The expected result is a word-for-word copy of the entries, minus any pictures.

(Saved data entries)
* * * * * * *

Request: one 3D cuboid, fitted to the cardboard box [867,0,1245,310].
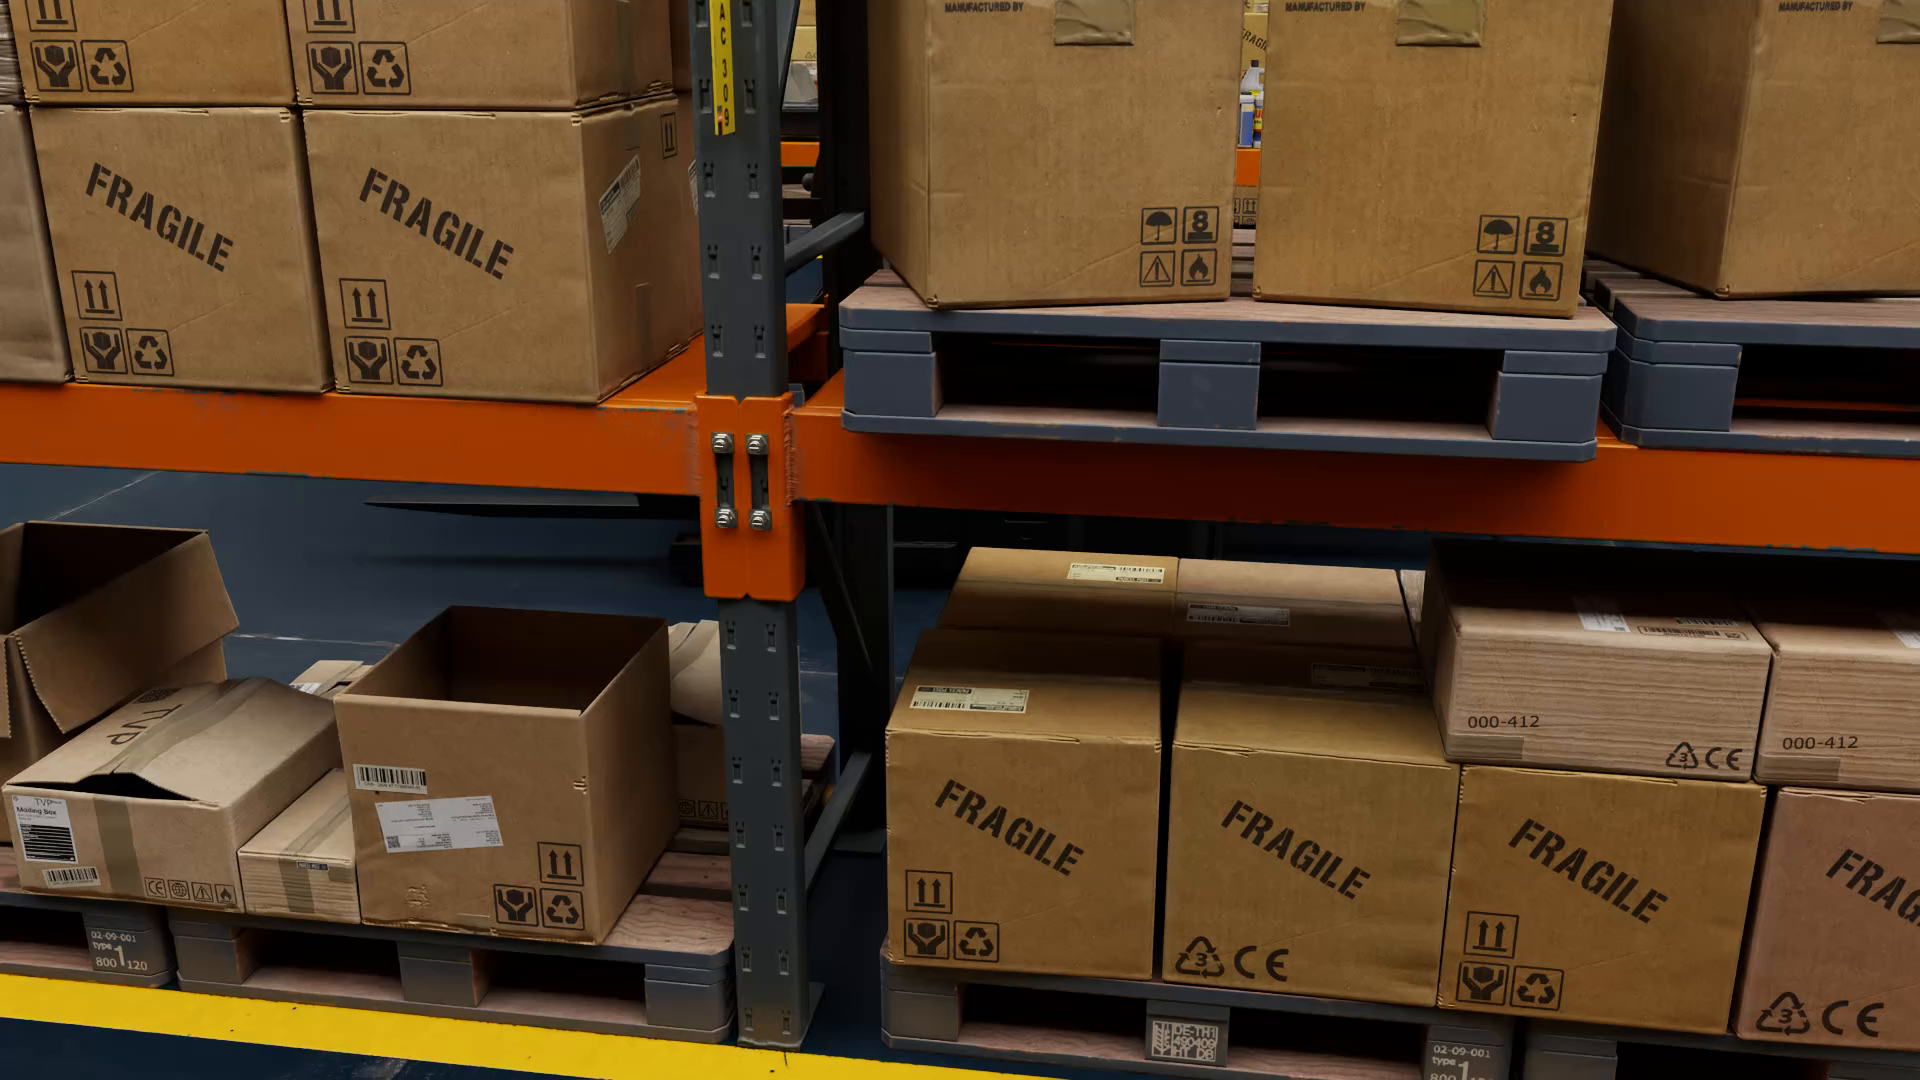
[{"bbox_3d":[0.133,-0.723,2.917,0.500,0.500,0.700,-3,19,-10],"label":"cardboard box"}]

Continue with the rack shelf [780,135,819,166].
[{"bbox_3d":[-1.484,-1.881,8.333,4.000,0.370,1.077,3,19,9],"label":"rack shelf"}]

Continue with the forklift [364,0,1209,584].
[{"bbox_3d":[-0.629,-1.399,5.864,3.031,2.935,1.130,1,19,2],"label":"forklift"}]

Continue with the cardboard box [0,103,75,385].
[{"bbox_3d":[-1.850,-0.613,3.251,0.500,0.500,0.500,3,19,10],"label":"cardboard box"}]

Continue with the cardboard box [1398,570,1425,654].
[{"bbox_3d":[1.215,0.394,3.643,0.500,0.500,0.500,3,19,9],"label":"cardboard box"}]

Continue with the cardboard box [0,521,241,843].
[{"bbox_3d":[-2.155,0.312,3.884,0.637,0.503,0.797,3,19,9],"label":"cardboard box"}]

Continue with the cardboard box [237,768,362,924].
[{"bbox_3d":[-1.286,0.633,3.483,0.250,0.149,0.380,3,19,9],"label":"cardboard box"}]

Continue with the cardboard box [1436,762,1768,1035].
[{"bbox_3d":[1.160,0.558,3.154,0.500,0.500,0.500,3,19,9],"label":"cardboard box"}]

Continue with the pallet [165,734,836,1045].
[{"bbox_3d":[-0.977,0.717,3.827,1.213,0.211,1.003,3,19,9],"label":"pallet"}]

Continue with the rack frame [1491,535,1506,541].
[{"bbox_3d":[1.967,-0.525,6.100,0.032,1.125,0.500,1,19,2],"label":"rack frame"}]

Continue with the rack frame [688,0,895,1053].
[{"bbox_3d":[-0.299,-0.570,3.280,0.127,3.000,1.000,3,19,9],"label":"rack frame"}]

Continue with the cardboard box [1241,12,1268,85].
[{"bbox_3d":[2.187,-3.595,12.161,0.500,0.500,0.500,3,19,9],"label":"cardboard box"}]

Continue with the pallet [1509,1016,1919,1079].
[{"bbox_3d":[1.718,0.842,3.454,1.213,0.211,1.003,3,19,9],"label":"pallet"}]

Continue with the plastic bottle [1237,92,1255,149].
[{"bbox_3d":[1.248,-1.902,7.456,0.135,0.276,0.152,3,19,9],"label":"plastic bottle"}]

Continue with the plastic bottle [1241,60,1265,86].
[{"bbox_3d":[1.450,-2.155,8.093,0.185,0.351,0.144,3,19,9],"label":"plastic bottle"}]

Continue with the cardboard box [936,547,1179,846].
[{"bbox_3d":[0.234,0.342,3.801,0.500,0.500,0.500,3,19,8],"label":"cardboard box"}]

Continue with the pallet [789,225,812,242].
[{"bbox_3d":[-0.671,-2.475,13.366,1.213,0.211,1.003,3,19,9],"label":"pallet"}]

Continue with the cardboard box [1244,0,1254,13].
[{"bbox_3d":[1.908,-4.167,12.292,0.637,0.503,0.797,2,19,7],"label":"cardboard box"}]

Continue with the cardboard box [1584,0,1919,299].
[{"bbox_3d":[1.455,-0.747,2.990,0.500,0.500,0.700,-2,19,-5],"label":"cardboard box"}]

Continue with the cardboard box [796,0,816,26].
[{"bbox_3d":[-1.236,-4.142,12.542,0.500,0.500,0.500,2,19,7],"label":"cardboard box"}]

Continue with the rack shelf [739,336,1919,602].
[{"bbox_3d":[1.676,-0.128,3.093,4.000,0.370,1.077,3,19,9],"label":"rack shelf"}]

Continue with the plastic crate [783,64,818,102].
[{"bbox_3d":[-0.988,-2.229,8.329,0.530,0.282,0.437,3,19,9],"label":"plastic crate"}]

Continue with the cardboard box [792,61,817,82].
[{"bbox_3d":[-1.106,-3.571,12.643,0.250,0.149,0.380,3,19,8],"label":"cardboard box"}]

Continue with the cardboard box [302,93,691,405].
[{"bbox_3d":[-0.833,-0.562,3.099,0.500,0.500,0.500,3,19,10],"label":"cardboard box"}]

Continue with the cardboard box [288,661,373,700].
[{"bbox_3d":[-1.535,0.435,4.046,0.250,0.166,0.380,3,19,9],"label":"cardboard box"}]

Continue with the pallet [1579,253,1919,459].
[{"bbox_3d":[1.729,-0.374,2.997,1.213,0.211,1.003,3,19,9],"label":"pallet"}]

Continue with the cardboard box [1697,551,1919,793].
[{"bbox_3d":[1.622,0.227,2.962,0.500,0.250,0.500,3,19,8],"label":"cardboard box"}]

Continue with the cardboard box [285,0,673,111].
[{"bbox_3d":[-0.840,-1.036,2.939,0.500,0.500,0.500,3,19,9],"label":"cardboard box"}]

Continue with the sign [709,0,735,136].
[{"bbox_3d":[-0.378,-0.810,2.634,0.005,0.325,0.100,3,19,9],"label":"sign"}]

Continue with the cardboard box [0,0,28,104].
[{"bbox_3d":[-1.843,-1.087,3.090,0.500,0.500,0.500,3,19,9],"label":"cardboard box"}]

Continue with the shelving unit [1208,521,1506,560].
[{"bbox_3d":[1.460,-0.532,6.120,1.048,1.125,0.538,1,19,2],"label":"shelving unit"}]

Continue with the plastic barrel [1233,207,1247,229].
[{"bbox_3d":[1.025,-1.293,8.086,0.708,0.901,0.600,3,19,9],"label":"plastic barrel"}]

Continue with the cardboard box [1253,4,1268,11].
[{"bbox_3d":[2.989,-5.254,16.545,0.250,0.149,0.380,3,19,10],"label":"cardboard box"}]

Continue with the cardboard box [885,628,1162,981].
[{"bbox_3d":[0.140,0.507,3.306,0.500,0.500,0.500,2,19,6],"label":"cardboard box"}]

* * * * * * *

### Solved problem
Request: one 3D cuboid, fitted to the cardboard box [867,0,1245,310].
[{"bbox_3d":[0.133,-0.723,2.917,0.500,0.500,0.700,-3,19,-10],"label":"cardboard box"}]

Continue with the rack shelf [780,135,819,166].
[{"bbox_3d":[-1.484,-1.881,8.333,4.000,0.370,1.077,3,19,9],"label":"rack shelf"}]

Continue with the forklift [364,0,1209,584].
[{"bbox_3d":[-0.629,-1.399,5.864,3.031,2.935,1.130,1,19,2],"label":"forklift"}]

Continue with the cardboard box [0,103,75,385].
[{"bbox_3d":[-1.850,-0.613,3.251,0.500,0.500,0.500,3,19,10],"label":"cardboard box"}]

Continue with the cardboard box [1398,570,1425,654].
[{"bbox_3d":[1.215,0.394,3.643,0.500,0.500,0.500,3,19,9],"label":"cardboard box"}]

Continue with the cardboard box [0,521,241,843].
[{"bbox_3d":[-2.155,0.312,3.884,0.637,0.503,0.797,3,19,9],"label":"cardboard box"}]

Continue with the cardboard box [237,768,362,924].
[{"bbox_3d":[-1.286,0.633,3.483,0.250,0.149,0.380,3,19,9],"label":"cardboard box"}]

Continue with the cardboard box [1436,762,1768,1035].
[{"bbox_3d":[1.160,0.558,3.154,0.500,0.500,0.500,3,19,9],"label":"cardboard box"}]

Continue with the pallet [165,734,836,1045].
[{"bbox_3d":[-0.977,0.717,3.827,1.213,0.211,1.003,3,19,9],"label":"pallet"}]

Continue with the rack frame [1491,535,1506,541].
[{"bbox_3d":[1.967,-0.525,6.100,0.032,1.125,0.500,1,19,2],"label":"rack frame"}]

Continue with the rack frame [688,0,895,1053].
[{"bbox_3d":[-0.299,-0.570,3.280,0.127,3.000,1.000,3,19,9],"label":"rack frame"}]

Continue with the cardboard box [1241,12,1268,85].
[{"bbox_3d":[2.187,-3.595,12.161,0.500,0.500,0.500,3,19,9],"label":"cardboard box"}]

Continue with the pallet [1509,1016,1919,1079].
[{"bbox_3d":[1.718,0.842,3.454,1.213,0.211,1.003,3,19,9],"label":"pallet"}]

Continue with the plastic bottle [1237,92,1255,149].
[{"bbox_3d":[1.248,-1.902,7.456,0.135,0.276,0.152,3,19,9],"label":"plastic bottle"}]

Continue with the plastic bottle [1241,60,1265,86].
[{"bbox_3d":[1.450,-2.155,8.093,0.185,0.351,0.144,3,19,9],"label":"plastic bottle"}]

Continue with the cardboard box [936,547,1179,846].
[{"bbox_3d":[0.234,0.342,3.801,0.500,0.500,0.500,3,19,8],"label":"cardboard box"}]

Continue with the pallet [789,225,812,242].
[{"bbox_3d":[-0.671,-2.475,13.366,1.213,0.211,1.003,3,19,9],"label":"pallet"}]

Continue with the cardboard box [1244,0,1254,13].
[{"bbox_3d":[1.908,-4.167,12.292,0.637,0.503,0.797,2,19,7],"label":"cardboard box"}]

Continue with the cardboard box [1584,0,1919,299].
[{"bbox_3d":[1.455,-0.747,2.990,0.500,0.500,0.700,-2,19,-5],"label":"cardboard box"}]

Continue with the cardboard box [796,0,816,26].
[{"bbox_3d":[-1.236,-4.142,12.542,0.500,0.500,0.500,2,19,7],"label":"cardboard box"}]

Continue with the rack shelf [739,336,1919,602].
[{"bbox_3d":[1.676,-0.128,3.093,4.000,0.370,1.077,3,19,9],"label":"rack shelf"}]

Continue with the plastic crate [783,64,818,102].
[{"bbox_3d":[-0.988,-2.229,8.329,0.530,0.282,0.437,3,19,9],"label":"plastic crate"}]

Continue with the cardboard box [792,61,817,82].
[{"bbox_3d":[-1.106,-3.571,12.643,0.250,0.149,0.380,3,19,8],"label":"cardboard box"}]

Continue with the cardboard box [302,93,691,405].
[{"bbox_3d":[-0.833,-0.562,3.099,0.500,0.500,0.500,3,19,10],"label":"cardboard box"}]

Continue with the cardboard box [288,661,373,700].
[{"bbox_3d":[-1.535,0.435,4.046,0.250,0.166,0.380,3,19,9],"label":"cardboard box"}]

Continue with the pallet [1579,253,1919,459].
[{"bbox_3d":[1.729,-0.374,2.997,1.213,0.211,1.003,3,19,9],"label":"pallet"}]

Continue with the cardboard box [1697,551,1919,793].
[{"bbox_3d":[1.622,0.227,2.962,0.500,0.250,0.500,3,19,8],"label":"cardboard box"}]

Continue with the cardboard box [285,0,673,111].
[{"bbox_3d":[-0.840,-1.036,2.939,0.500,0.500,0.500,3,19,9],"label":"cardboard box"}]

Continue with the sign [709,0,735,136].
[{"bbox_3d":[-0.378,-0.810,2.634,0.005,0.325,0.100,3,19,9],"label":"sign"}]

Continue with the cardboard box [0,0,28,104].
[{"bbox_3d":[-1.843,-1.087,3.090,0.500,0.500,0.500,3,19,9],"label":"cardboard box"}]

Continue with the shelving unit [1208,521,1506,560].
[{"bbox_3d":[1.460,-0.532,6.120,1.048,1.125,0.538,1,19,2],"label":"shelving unit"}]

Continue with the plastic barrel [1233,207,1247,229].
[{"bbox_3d":[1.025,-1.293,8.086,0.708,0.901,0.600,3,19,9],"label":"plastic barrel"}]

Continue with the cardboard box [1253,4,1268,11].
[{"bbox_3d":[2.989,-5.254,16.545,0.250,0.149,0.380,3,19,10],"label":"cardboard box"}]

Continue with the cardboard box [885,628,1162,981].
[{"bbox_3d":[0.140,0.507,3.306,0.500,0.500,0.500,2,19,6],"label":"cardboard box"}]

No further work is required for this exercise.